О том, что случилось дальше, лучше поведать от лица моей матери. Пусть вас не смущает прямая речь, она не выдумана. Рассказ матери произвел на меня такое впечатление, что я его запомнил дословно.


* * *


«В этот день, 31 октября, судья должен был объявить приговор. С утра у меня все валилось из рук. Я проводила твоего отца на службу, одела Бертрана и повела гулять в парк. Погода стояла не по-осеннему теплая и солнечная. Но нервы у меня были не в порядке, и Бертран это чувствовал – все время хныкал. Мы пошли домой. У крыльца меня догнал почтальон с телеграммой. Я так разволновалась, что не могла ее открыть – пальцы у меня тряслись, как у старухи. Почтальон, который, в отличие от соседей, нам сочувствовал, разорвал бумагу и прочитал телеграмму вслух: «Меня высылают из Франции в 24 часа. Прощайте. Пока остановлюсь в Страсбурге. Фредерик».

Высылают из Франции! Мы рассчитывали, что в самом худшем случае это будет год условно… У меня подкосились ноги, но уже в следующую секунду я передала Бертрана подоспевшей няне и помчалась в порт, в контору твоего отца. Он сказал: «24 часа – это очень мало. Но мы должны повидаться с Фредом, проводить его на вокзал. Бог весть когда теперь увидимся». Как раз при этих словах в кабинет вошел хозяин верфи, мсье Прюдом, а за ним – несколько человек с чертежами. «Мое почтение, мадам, – кивнул он мне. – Мсье Декарт, я вынужден просить вас поработать сверхурочно. Наши английские заказчики хотят, чтобы вы сегодня же все закончили с той маленькой проблемой, и завтра они увезут чертежи с собой. Только в этом случае они согласны считать наш контракт выполненным. Вам придется пробыть здесь так долго, сколько будет нужно. Кстати, что там с вашим братом?» – «Жена как раз принесла плохие вести. Объявили приговор – высылают в 24 часа из Франции». – «Сожалею. Я знаю его как честного человека и уверен в его невиновности. Понимаю, вам хочется его проводить, и в любое другое время охотно бы вас отпустил. Но не сегодня. Дело прежде всего».

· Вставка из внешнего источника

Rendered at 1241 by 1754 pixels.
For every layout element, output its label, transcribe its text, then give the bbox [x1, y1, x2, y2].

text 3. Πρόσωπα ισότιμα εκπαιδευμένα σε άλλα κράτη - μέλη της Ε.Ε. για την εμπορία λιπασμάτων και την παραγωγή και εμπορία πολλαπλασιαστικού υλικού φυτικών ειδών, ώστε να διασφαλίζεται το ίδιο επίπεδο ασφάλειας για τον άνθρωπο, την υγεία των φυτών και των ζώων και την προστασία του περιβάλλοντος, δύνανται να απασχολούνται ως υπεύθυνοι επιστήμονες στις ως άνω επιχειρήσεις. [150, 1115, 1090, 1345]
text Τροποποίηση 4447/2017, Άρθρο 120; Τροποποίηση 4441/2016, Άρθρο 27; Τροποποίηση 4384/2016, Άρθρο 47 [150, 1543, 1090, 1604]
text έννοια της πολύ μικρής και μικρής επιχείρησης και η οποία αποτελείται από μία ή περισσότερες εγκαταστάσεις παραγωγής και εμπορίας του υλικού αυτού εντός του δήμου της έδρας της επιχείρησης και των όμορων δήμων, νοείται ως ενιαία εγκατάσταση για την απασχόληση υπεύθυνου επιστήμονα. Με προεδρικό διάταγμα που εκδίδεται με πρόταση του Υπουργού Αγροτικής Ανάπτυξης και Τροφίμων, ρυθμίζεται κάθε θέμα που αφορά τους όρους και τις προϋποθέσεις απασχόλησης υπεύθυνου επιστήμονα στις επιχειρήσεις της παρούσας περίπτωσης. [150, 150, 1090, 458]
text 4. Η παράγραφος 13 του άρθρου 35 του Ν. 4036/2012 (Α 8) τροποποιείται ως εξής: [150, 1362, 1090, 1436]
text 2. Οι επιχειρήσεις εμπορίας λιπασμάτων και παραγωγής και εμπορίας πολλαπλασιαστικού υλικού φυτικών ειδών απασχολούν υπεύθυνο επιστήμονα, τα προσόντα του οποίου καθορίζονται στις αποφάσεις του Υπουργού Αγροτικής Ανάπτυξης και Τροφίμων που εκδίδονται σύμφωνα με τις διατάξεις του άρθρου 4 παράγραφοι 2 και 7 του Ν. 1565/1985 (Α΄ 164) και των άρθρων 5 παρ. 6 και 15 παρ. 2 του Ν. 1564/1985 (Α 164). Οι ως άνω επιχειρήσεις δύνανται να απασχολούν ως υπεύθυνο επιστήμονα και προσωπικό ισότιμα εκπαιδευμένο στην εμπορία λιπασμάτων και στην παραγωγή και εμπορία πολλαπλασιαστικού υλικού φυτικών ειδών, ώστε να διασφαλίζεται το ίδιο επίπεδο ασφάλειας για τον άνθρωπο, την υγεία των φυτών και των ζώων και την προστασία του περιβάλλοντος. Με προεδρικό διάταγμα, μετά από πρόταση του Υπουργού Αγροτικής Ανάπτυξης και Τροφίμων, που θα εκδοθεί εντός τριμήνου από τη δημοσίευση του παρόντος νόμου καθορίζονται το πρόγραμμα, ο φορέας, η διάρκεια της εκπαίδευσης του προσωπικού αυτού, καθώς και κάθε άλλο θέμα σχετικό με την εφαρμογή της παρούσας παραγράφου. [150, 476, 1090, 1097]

Хозяин вышел, англичане расположились за столом. Максимилиан подошел ко мне и посмотрел виновато. «Видишь, Клеми, – развел он руками, – ехать придется тебе одной. Прямой поезд уже ушел, но ты сейчас же беги на вокзал и бери билет до Пуатье, там пересядешь на парижский поезд. Не медли ни минуты». – «Но Бертран…» – «Розали с ним побудет. Беги! Скажи моему брату, что мы обязательно добьемся его оправдания. Найдем адвоката, подадим на апелляцию. Скажи… В общем, ты сама поймешь, что ему сказать…»

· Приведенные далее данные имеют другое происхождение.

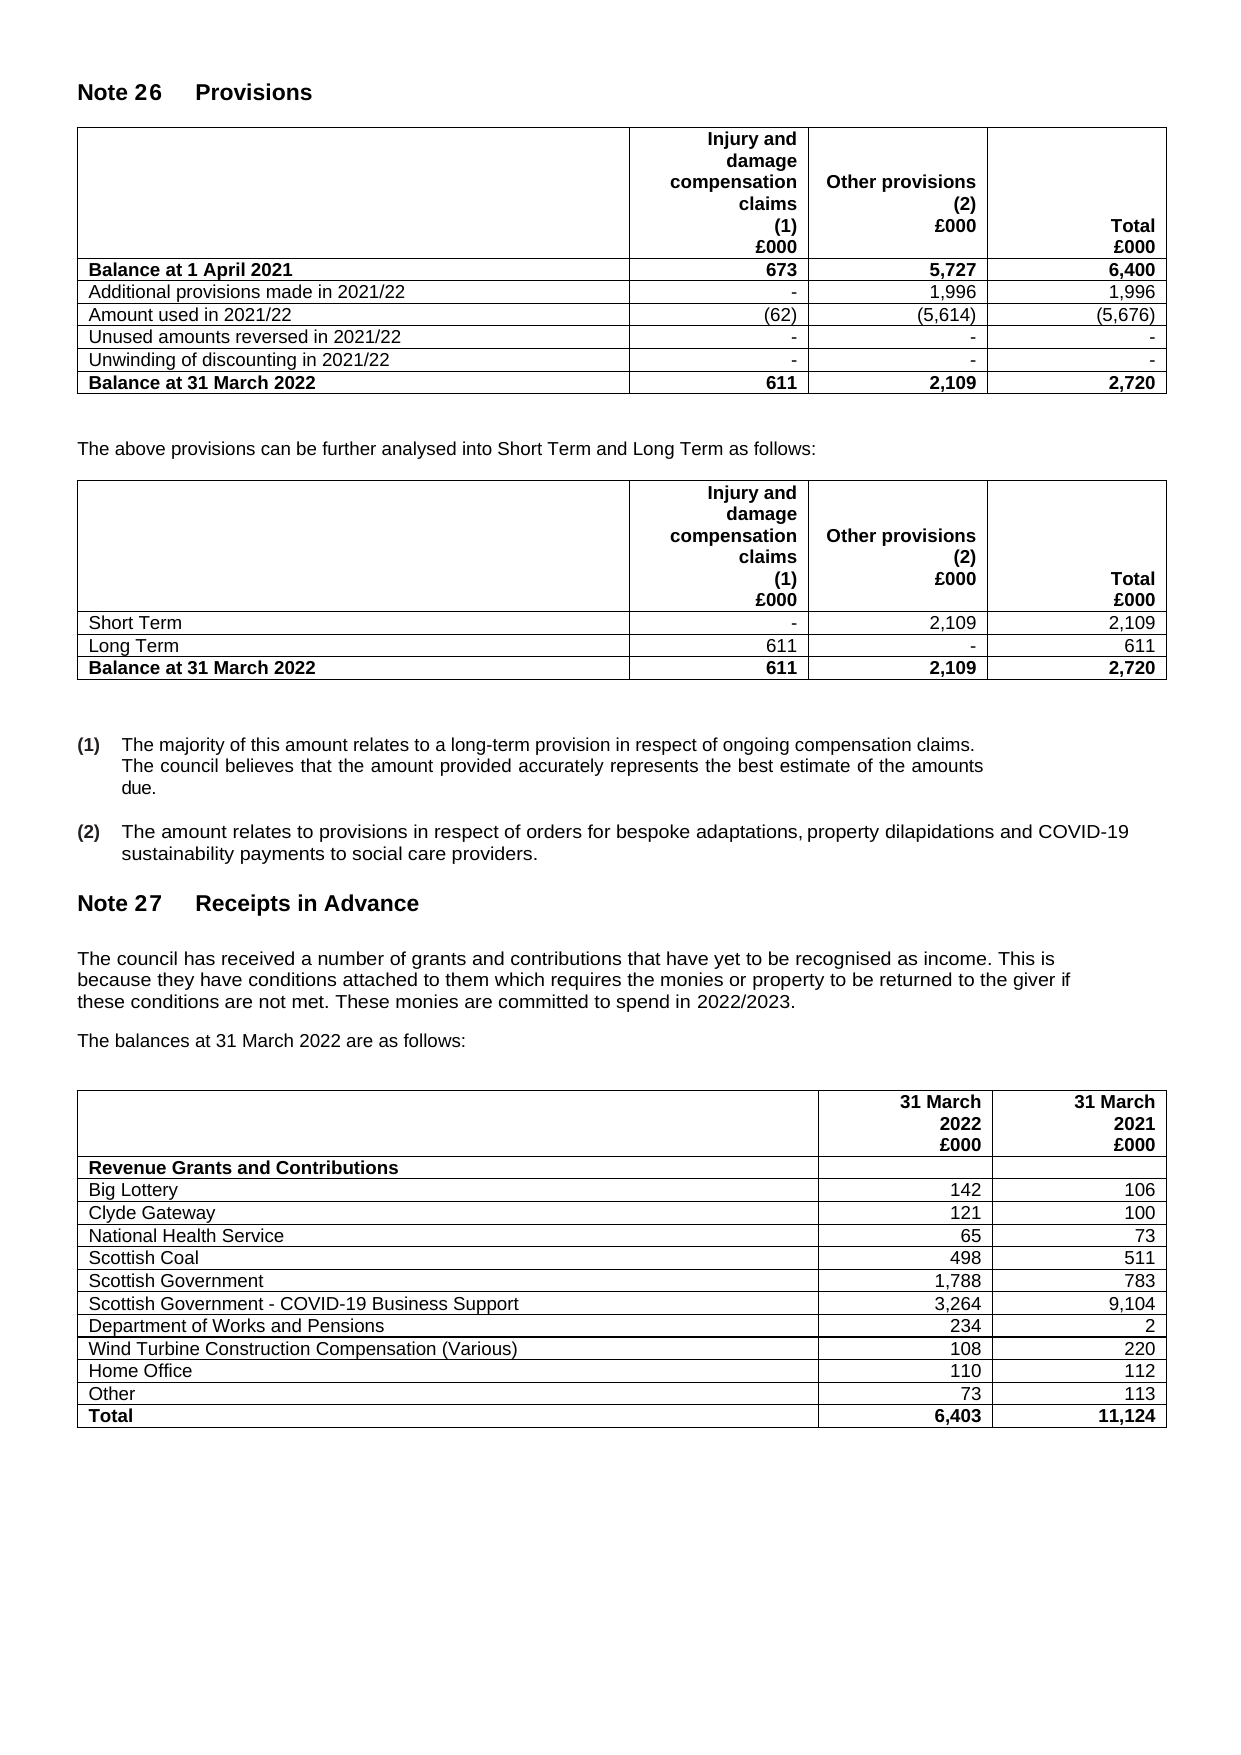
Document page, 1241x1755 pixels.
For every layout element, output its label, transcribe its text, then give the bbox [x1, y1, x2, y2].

table_cell 611 [630, 657, 808, 679]
table_cell - [630, 281, 808, 303]
table_cell Clyde Gateway [78, 1202, 818, 1223]
table_cell Total [78, 1405, 818, 1427]
table_cell 2,720 [988, 657, 1166, 679]
table_cell 65 [819, 1225, 992, 1246]
table_cell 673 [630, 259, 808, 280]
table_cell 73 [993, 1225, 1166, 1246]
table_cell 2,109 [809, 612, 987, 633]
table_cell (62) [630, 304, 808, 325]
table_cell 112 [993, 1360, 1166, 1382]
table_cell Balance at 31 March 2022 [78, 372, 629, 393]
table_header [78, 128, 629, 257]
table_cell Additional provisions made in 2021/22 [78, 281, 629, 303]
table_cell Short Term [78, 612, 629, 633]
table_cell Balance at 1 April 2021 [78, 259, 629, 280]
table_cell 11,124 [993, 1405, 1166, 1427]
table_header 31 March 2021 £000 [993, 1091, 1166, 1156]
table_header Injury and damage compensation claims (1) £000 [630, 481, 808, 611]
table_cell 100 [993, 1202, 1166, 1223]
table_cell Home Office [78, 1360, 818, 1382]
table_cell 1,996 [988, 281, 1166, 303]
table_cell - [988, 326, 1166, 348]
table_header [78, 481, 629, 611]
list The amount relates to provisions in respect of orders for bespoke adaptations, property dilapidations and COVID-19 sustainability payments to social care providers. [77, 821, 1241, 864]
text The above provisions can be further analysed into Short Term and Long Term as follows: [77, 437, 1241, 459]
table_cell Balance at 31 March 2022 [78, 657, 629, 679]
table_cell - [630, 349, 808, 371]
table_cell 2,720 [988, 372, 1166, 393]
table_cell 2 [993, 1315, 1166, 1336]
table_cell (5,676) [988, 304, 1166, 325]
table_cell - [809, 635, 987, 656]
table_cell Other [78, 1383, 818, 1404]
table_cell Long Term [78, 635, 629, 656]
table_cell 142 [819, 1179, 992, 1201]
table_cell 3,264 [819, 1292, 992, 1314]
table_cell 611 [630, 372, 808, 393]
subtitle Note 26 Provisions [77, 79, 1167, 106]
table_cell Revenue Grants and Contributions [78, 1157, 818, 1178]
table_cell - [630, 612, 808, 633]
table_cell 511 [993, 1247, 1166, 1269]
text The council has received a number of grants and contributions that have yet to be recognised as income. This is because they have conditions attached to them which requires the monies or property to be returned to the giver if these conditions are not met. These monies are committed to spend in 2022/2023. [77, 947, 1111, 1012]
table_cell 220 [993, 1338, 1166, 1359]
table_header Injury and damage compensation claims (1) £000 [630, 128, 808, 257]
table_header Other provisions (2) £000 [809, 128, 987, 257]
table_cell Big Lottery [78, 1179, 818, 1201]
table_header Other provisions (2) £000 [809, 481, 987, 611]
table_cell 113 [993, 1383, 1166, 1404]
table_header 31 March 2022 £000 [819, 1091, 992, 1156]
table_header Total £000 [988, 481, 1166, 611]
table_cell 6,403 [819, 1405, 992, 1427]
table_cell - [988, 349, 1166, 371]
table_cell 2,109 [988, 612, 1166, 633]
table_cell Amount used in 2021/22 [78, 304, 629, 325]
table_cell 611 [630, 635, 808, 656]
table_cell 6,400 [988, 259, 1166, 280]
table_cell 498 [819, 1247, 992, 1269]
table_cell 121 [819, 1202, 992, 1223]
table_cell Department of Works and Pensions [78, 1315, 818, 1336]
table_cell 73 [819, 1383, 992, 1404]
table_cell 1,788 [819, 1270, 992, 1291]
table_cell 110 [819, 1360, 992, 1382]
table_cell 1,996 [809, 281, 987, 303]
table_cell 234 [819, 1315, 992, 1336]
table_cell 5,727 [809, 259, 987, 280]
table_cell Scottish Government - COVID-19 Business Support [78, 1292, 818, 1314]
table_cell 2,109 [809, 372, 987, 393]
table_cell [993, 1157, 1166, 1178]
table_cell - [630, 326, 808, 348]
table_cell 9,104 [993, 1292, 1166, 1314]
table_cell 2,109 [809, 657, 987, 679]
table_header Total £000 [988, 128, 1166, 257]
table_cell [819, 1157, 992, 1178]
table_cell 106 [993, 1179, 1166, 1201]
table_cell 108 [819, 1338, 992, 1359]
table_cell - [809, 326, 987, 348]
table_header [78, 1091, 818, 1156]
table_cell Unwinding of discounting in 2021/22 [78, 349, 629, 371]
list The majority of this amount relates to a long-term provision in respect of ongoing compensation claims. The council believes that the amount provided accurately represents the best estimate of the amounts due. [77, 733, 1011, 798]
text The balances at 31 March 2022 are as follows: [77, 1030, 1167, 1073]
table_cell Scottish Coal [78, 1247, 818, 1269]
table_cell Wind Turbine Construction Compensation (Various) [78, 1338, 818, 1359]
table_cell 783 [993, 1270, 1166, 1291]
table_cell National Health Service [78, 1225, 818, 1246]
subtitle Note 27 Receipts in Advance [77, 889, 1167, 916]
table_cell (5,614) [809, 304, 987, 325]
table_cell Scottish Government [78, 1270, 818, 1291]
table_cell Unused amounts reversed in 2021/22 [78, 326, 629, 348]
table_cell 611 [988, 635, 1166, 656]
table_cell - [809, 349, 987, 371]

Я была тогда молодая, худая и быстроногая. Только по этой причине я успела на поезд – вскочила на подножку вагона. В Париж приехала уже глубоким вечером. Надо было еще добраться до Латинского квартала, где жил твой дядя. А утром истекали те самые 24 часа…


Не буду тебе рассказывать, Мишель, как я искала экипаж в огромном незнакомом городе. Казалось, прошла вечность, хотя на самом деле ехали мы каких-нибудь полчаса. Наконец извозчик высадил меня перед нужным подъездом. Я хотела позвонить, но дверь была приоткрыта. Горел свет. Фредерик стоял на площадке возле своей квартиры в пальто и, похоже, собирался уходить. Я поднялась. Он обнял меня. Моя шляпа упала. Кожей головы я чувствовала его дыхание.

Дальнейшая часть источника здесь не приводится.